A Combined Mass Spectrometry and Data Integration Approach to Predict the Mitochondrial Poly(A) RNA Interacting Proteome.

In order to synthesize the 13 oxidative phosphorylation proteins encoded by mammalian mtDNA, a large assortment of nuclear encoded proteins is required. These include mitoribosomal proteins and various RNA processing, modification and degradation enzymes. RNA crosslinking has been successfully applied to identify whole-cell poly(A) RNA-binding proteomes, but this method has not been adapted to identify mitochondrial poly(A) RNA-binding proteomes.
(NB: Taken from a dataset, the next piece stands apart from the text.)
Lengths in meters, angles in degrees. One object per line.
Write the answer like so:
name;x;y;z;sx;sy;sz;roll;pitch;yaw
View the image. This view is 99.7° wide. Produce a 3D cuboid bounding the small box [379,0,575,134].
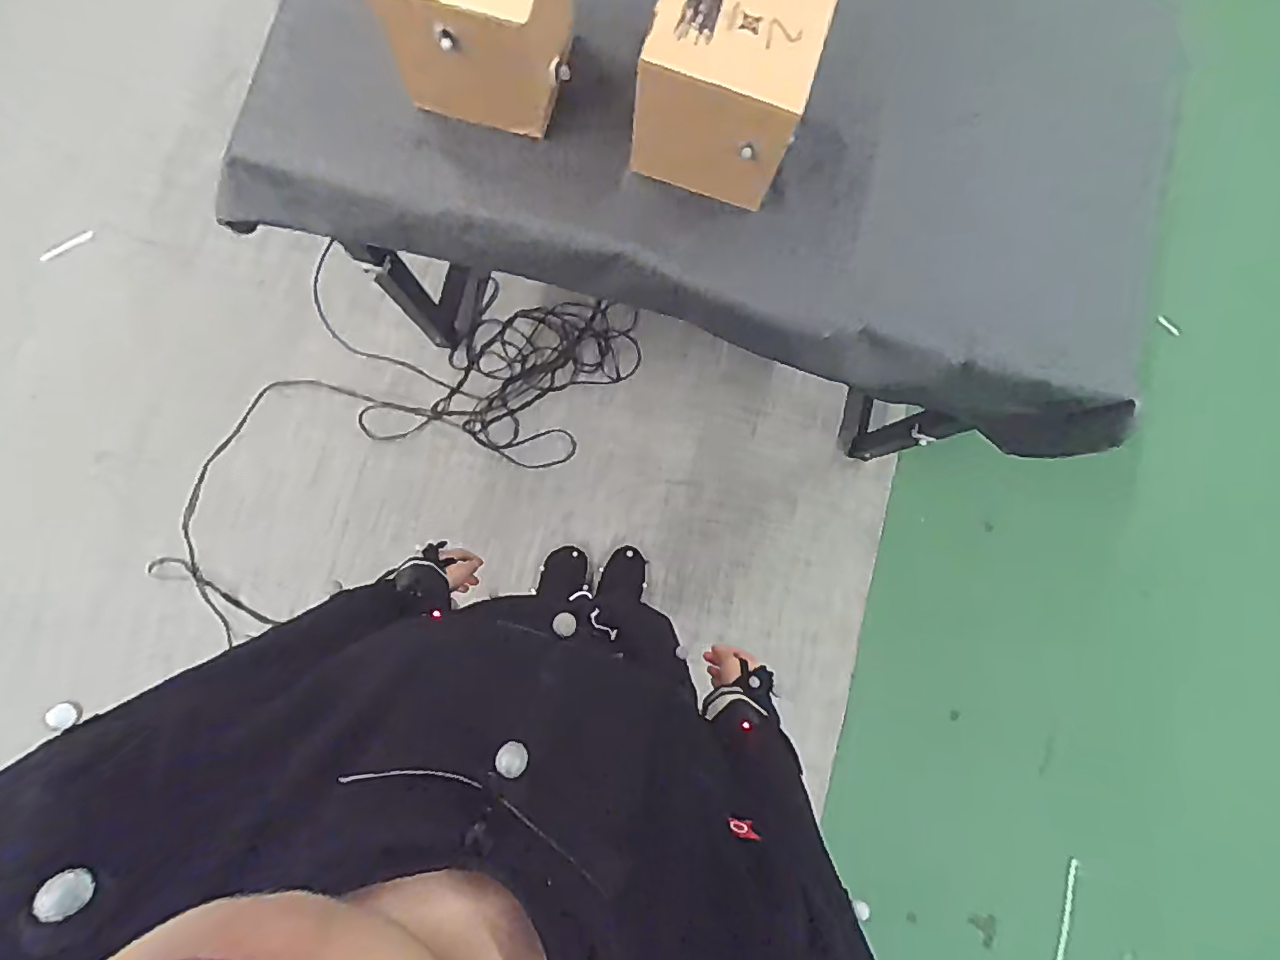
small box;-0.181;-0.546;0.626;0.179;0.176;0.168;15;84;-3

Here we developed and compared two related methods that specifically enrich for mitochondrial poly(A) RNA-binding proteins and analyzed bound proteins using mass spectrometry. To obtain a catalog of the mitochondrial poly(A) RNA interacting proteome, we used Bayesian data integration to combine these two mitochondrial-enriched datasets as well as published whole-cell datasets of RNA-binding proteins with various online resources, such as mitochondrial localization from MitoCarta 2.0 and co-expression analyses. Our integrated analyses ranked the complete human proteome for the likelihood of mtRNA interaction. We show that at a specific, inclusive cut-off of the corrected false discovery rate (cFDR) of 69%, we improve the number of predicted proteins from 185 to 211 with our mass spectrometry data as input for the prediction instead of the published whole-cell datasets. The chosen cut-off determines the cFDR: the less proteins included, the lower the cFDR will be. For the top 100 proteins, inclusion of our data instead of the published whole-cell datasets improve the cFDR from 54% to 31%. We show that the mass spectrometry method most specific for mitochondrial RNA-binding proteins involves ex vivo 4-thiouridine labeling followed by mitochondrial isolation with subsequent in organello UV-crosslinking.